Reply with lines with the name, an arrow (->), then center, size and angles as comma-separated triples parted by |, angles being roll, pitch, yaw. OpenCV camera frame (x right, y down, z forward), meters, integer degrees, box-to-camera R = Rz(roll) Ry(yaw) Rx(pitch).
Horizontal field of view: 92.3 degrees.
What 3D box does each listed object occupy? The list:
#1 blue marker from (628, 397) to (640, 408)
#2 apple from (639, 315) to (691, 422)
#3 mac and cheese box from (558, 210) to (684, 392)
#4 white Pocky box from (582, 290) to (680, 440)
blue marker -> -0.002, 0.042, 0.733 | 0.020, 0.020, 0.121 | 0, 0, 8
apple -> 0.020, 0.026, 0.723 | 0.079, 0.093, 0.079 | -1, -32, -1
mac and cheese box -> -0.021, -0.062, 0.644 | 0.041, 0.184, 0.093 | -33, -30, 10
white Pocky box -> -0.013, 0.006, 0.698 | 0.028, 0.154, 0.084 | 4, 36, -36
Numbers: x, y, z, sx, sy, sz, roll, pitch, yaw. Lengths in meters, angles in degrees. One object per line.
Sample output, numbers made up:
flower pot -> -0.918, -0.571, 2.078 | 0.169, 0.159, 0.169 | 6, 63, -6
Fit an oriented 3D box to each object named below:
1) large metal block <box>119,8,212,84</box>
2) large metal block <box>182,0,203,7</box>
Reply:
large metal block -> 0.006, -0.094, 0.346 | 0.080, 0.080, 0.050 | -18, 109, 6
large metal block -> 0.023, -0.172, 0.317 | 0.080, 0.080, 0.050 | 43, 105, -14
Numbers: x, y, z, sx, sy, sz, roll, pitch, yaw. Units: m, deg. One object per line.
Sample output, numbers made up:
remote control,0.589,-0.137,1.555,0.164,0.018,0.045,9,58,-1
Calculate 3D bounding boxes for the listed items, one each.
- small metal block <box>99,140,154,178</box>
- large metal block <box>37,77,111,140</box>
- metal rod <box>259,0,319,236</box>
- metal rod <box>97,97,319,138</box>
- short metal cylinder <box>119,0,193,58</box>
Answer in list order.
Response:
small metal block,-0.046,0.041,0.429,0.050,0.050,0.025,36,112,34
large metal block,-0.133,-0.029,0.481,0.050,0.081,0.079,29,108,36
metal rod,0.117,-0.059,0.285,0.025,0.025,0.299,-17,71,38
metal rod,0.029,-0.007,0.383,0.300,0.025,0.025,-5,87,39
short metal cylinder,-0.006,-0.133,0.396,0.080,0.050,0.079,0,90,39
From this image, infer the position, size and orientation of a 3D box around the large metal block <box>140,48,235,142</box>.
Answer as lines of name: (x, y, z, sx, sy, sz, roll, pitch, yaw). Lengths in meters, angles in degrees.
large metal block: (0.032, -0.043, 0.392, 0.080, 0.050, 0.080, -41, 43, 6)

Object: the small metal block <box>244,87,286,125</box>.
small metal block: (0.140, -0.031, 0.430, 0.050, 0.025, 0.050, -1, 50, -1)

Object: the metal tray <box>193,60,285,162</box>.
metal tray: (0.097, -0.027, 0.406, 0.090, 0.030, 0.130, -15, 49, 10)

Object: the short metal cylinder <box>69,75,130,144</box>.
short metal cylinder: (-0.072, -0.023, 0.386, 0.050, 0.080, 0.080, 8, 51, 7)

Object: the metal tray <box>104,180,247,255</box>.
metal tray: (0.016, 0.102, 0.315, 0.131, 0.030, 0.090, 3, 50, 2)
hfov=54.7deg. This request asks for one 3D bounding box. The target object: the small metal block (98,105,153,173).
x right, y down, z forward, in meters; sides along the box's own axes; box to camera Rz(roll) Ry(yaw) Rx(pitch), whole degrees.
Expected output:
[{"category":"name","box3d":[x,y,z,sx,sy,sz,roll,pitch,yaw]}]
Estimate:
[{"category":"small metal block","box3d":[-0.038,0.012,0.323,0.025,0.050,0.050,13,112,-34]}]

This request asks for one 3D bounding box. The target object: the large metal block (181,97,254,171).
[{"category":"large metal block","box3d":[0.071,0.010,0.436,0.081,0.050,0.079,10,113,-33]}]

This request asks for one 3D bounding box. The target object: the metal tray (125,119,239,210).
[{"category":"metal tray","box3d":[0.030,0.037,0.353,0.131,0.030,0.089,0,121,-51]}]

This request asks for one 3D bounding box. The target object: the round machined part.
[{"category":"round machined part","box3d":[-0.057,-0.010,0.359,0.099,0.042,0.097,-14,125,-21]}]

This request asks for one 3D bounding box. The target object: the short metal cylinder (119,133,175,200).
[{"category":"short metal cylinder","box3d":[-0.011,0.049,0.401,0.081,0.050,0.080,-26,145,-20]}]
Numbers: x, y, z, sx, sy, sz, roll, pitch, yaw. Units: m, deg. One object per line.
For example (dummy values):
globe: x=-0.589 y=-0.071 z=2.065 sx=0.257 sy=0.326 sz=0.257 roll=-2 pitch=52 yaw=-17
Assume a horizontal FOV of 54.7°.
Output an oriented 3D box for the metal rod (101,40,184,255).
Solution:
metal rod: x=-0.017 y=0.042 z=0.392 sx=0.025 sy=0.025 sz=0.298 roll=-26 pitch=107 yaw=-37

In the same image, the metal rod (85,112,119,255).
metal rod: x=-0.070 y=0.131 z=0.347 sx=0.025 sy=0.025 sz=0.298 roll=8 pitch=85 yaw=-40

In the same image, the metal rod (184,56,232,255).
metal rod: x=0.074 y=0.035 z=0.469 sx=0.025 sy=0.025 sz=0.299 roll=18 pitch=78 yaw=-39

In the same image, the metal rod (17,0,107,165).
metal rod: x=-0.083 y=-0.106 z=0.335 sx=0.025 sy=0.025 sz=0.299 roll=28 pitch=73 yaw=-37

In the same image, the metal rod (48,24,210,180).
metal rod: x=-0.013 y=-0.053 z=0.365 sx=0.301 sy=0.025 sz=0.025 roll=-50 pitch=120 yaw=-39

**WHAT IS NEEDED**. Every line in the records has to be written out again exactly.

**PROBLEM SOLUTION**.
Reply with lines with the name, an arrow (->), then center, size and angles as comma-separated triples parted by |, angles being roll, pitch, yaw. OpenCV camera frame (x right, y down, z forward), meters, integer degrees, box-to-camera R = Rz(roll) Ry(yaw) Rx(pitch).
Horizontal field of view: 92.3 degrees.
What 3D box does each listed object occupy? The list:
#1 blue marker from (628, 397) to (640, 408)
#2 apple from (639, 315) to (691, 422)
#3 mac and cheese box from (558, 210) to (684, 392)
#4 white Pocky box from (582, 290) to (680, 440)
blue marker -> -0.002, 0.042, 0.733 | 0.020, 0.020, 0.121 | 0, 0, 8
apple -> 0.020, 0.026, 0.723 | 0.079, 0.093, 0.079 | -1, -32, -1
mac and cheese box -> -0.021, -0.062, 0.644 | 0.041, 0.184, 0.093 | -33, -30, 10
white Pocky box -> -0.013, 0.006, 0.698 | 0.028, 0.154, 0.084 | 4, 36, -36
Numbers: x, y, z, sx, sy, sz, roll, pitch, yaw. Lengths in meters, angles in degrees. One object per line.
Sample output, numbers made up:
flower pot -> -0.918, -0.571, 2.078 | 0.169, 0.159, 0.169 | 6, 63, -6
Fit an oriented 3D box to each object named below:
1) large metal block <box>119,8,212,84</box>
2) large metal block <box>182,0,203,7</box>
Reply:
large metal block -> 0.006, -0.094, 0.346 | 0.080, 0.080, 0.050 | -18, 109, 6
large metal block -> 0.023, -0.172, 0.317 | 0.080, 0.080, 0.050 | 43, 105, -14
Numbers: x, y, z, sx, sy, sz, roll, pitch, yaw. Units: m, deg. One object per line.
Sample output, numbers made up:
remote control,0.589,-0.137,1.555,0.164,0.018,0.045,9,58,-1
Calculate 3D bounding boxes for the listed items, one each.
- small metal block <box>99,140,154,178</box>
- large metal block <box>37,77,111,140</box>
- metal rod <box>259,0,319,236</box>
- metal rod <box>97,97,319,138</box>
- short metal cylinder <box>119,0,193,58</box>
Answer in list order.
Response:
small metal block,-0.046,0.041,0.429,0.050,0.050,0.025,36,112,34
large metal block,-0.133,-0.029,0.481,0.050,0.081,0.079,29,108,36
metal rod,0.117,-0.059,0.285,0.025,0.025,0.299,-17,71,38
metal rod,0.029,-0.007,0.383,0.300,0.025,0.025,-5,87,39
short metal cylinder,-0.006,-0.133,0.396,0.080,0.050,0.079,0,90,39
From this image, infer the position, size and orientation of a 3D box around the large metal block <box>140,48,235,142</box>.
Answer as lines of name: (x, y, z, sx, sy, sz, roll, pitch, yaw). Lengths in meters, angles in degrees.
large metal block: (0.032, -0.043, 0.392, 0.080, 0.050, 0.080, -41, 43, 6)

Object: the small metal block <box>244,87,286,125</box>.
small metal block: (0.140, -0.031, 0.430, 0.050, 0.025, 0.050, -1, 50, -1)

Object: the metal tray <box>193,60,285,162</box>.
metal tray: (0.097, -0.027, 0.406, 0.090, 0.030, 0.130, -15, 49, 10)

Object: the short metal cylinder <box>69,75,130,144</box>.
short metal cylinder: (-0.072, -0.023, 0.386, 0.050, 0.080, 0.080, 8, 51, 7)

Object: the metal tray <box>104,180,247,255</box>.
metal tray: (0.016, 0.102, 0.315, 0.131, 0.030, 0.090, 3, 50, 2)
hfov=54.7deg. This request asks for one 3D bounding box. The target object: the small metal block (98,105,153,173).
x right, y down, z forward, in meters; sides along the box's own axes; box to camera Rz(roll) Ry(yaw) Rx(pitch), whole degrees.
Expected output:
[{"category":"name","box3d":[x,y,z,sx,sy,sz,roll,pitch,yaw]}]
Estimate:
[{"category":"small metal block","box3d":[-0.038,0.012,0.323,0.025,0.050,0.050,13,112,-34]}]

This request asks for one 3D bounding box. The target object: the large metal block (181,97,254,171).
[{"category":"large metal block","box3d":[0.071,0.010,0.436,0.081,0.050,0.079,10,113,-33]}]

This request asks for one 3D bounding box. The target object: the metal tray (125,119,239,210).
[{"category":"metal tray","box3d":[0.030,0.037,0.353,0.131,0.030,0.089,0,121,-51]}]

This request asks for one 3D bounding box. The target object: the round machined part.
[{"category":"round machined part","box3d":[-0.057,-0.010,0.359,0.099,0.042,0.097,-14,125,-21]}]

This request asks for one 3D bounding box. The target object: the short metal cylinder (119,133,175,200).
[{"category":"short metal cylinder","box3d":[-0.011,0.049,0.401,0.081,0.050,0.080,-26,145,-20]}]
Numbers: x, y, z, sx, sy, sz, roll, pitch, yaw. Units: m, deg. One object per line.
For example (dummy values):
globe: x=-0.589 y=-0.071 z=2.065 sx=0.257 sy=0.326 sz=0.257 roll=-2 pitch=52 yaw=-17
Assume a horizontal FOV of 54.7°.
Output an oriented 3D box for the metal rod (101,40,184,255).
Solution:
metal rod: x=-0.017 y=0.042 z=0.392 sx=0.025 sy=0.025 sz=0.298 roll=-26 pitch=107 yaw=-37

In the same image, the metal rod (85,112,119,255).
metal rod: x=-0.070 y=0.131 z=0.347 sx=0.025 sy=0.025 sz=0.298 roll=8 pitch=85 yaw=-40

In the same image, the metal rod (184,56,232,255).
metal rod: x=0.074 y=0.035 z=0.469 sx=0.025 sy=0.025 sz=0.299 roll=18 pitch=78 yaw=-39

In the same image, the metal rod (17,0,107,165).
metal rod: x=-0.083 y=-0.106 z=0.335 sx=0.025 sy=0.025 sz=0.299 roll=28 pitch=73 yaw=-37

In the same image, the metal rod (48,24,210,180).
metal rod: x=-0.013 y=-0.053 z=0.365 sx=0.301 sy=0.025 sz=0.025 roll=-50 pitch=120 yaw=-39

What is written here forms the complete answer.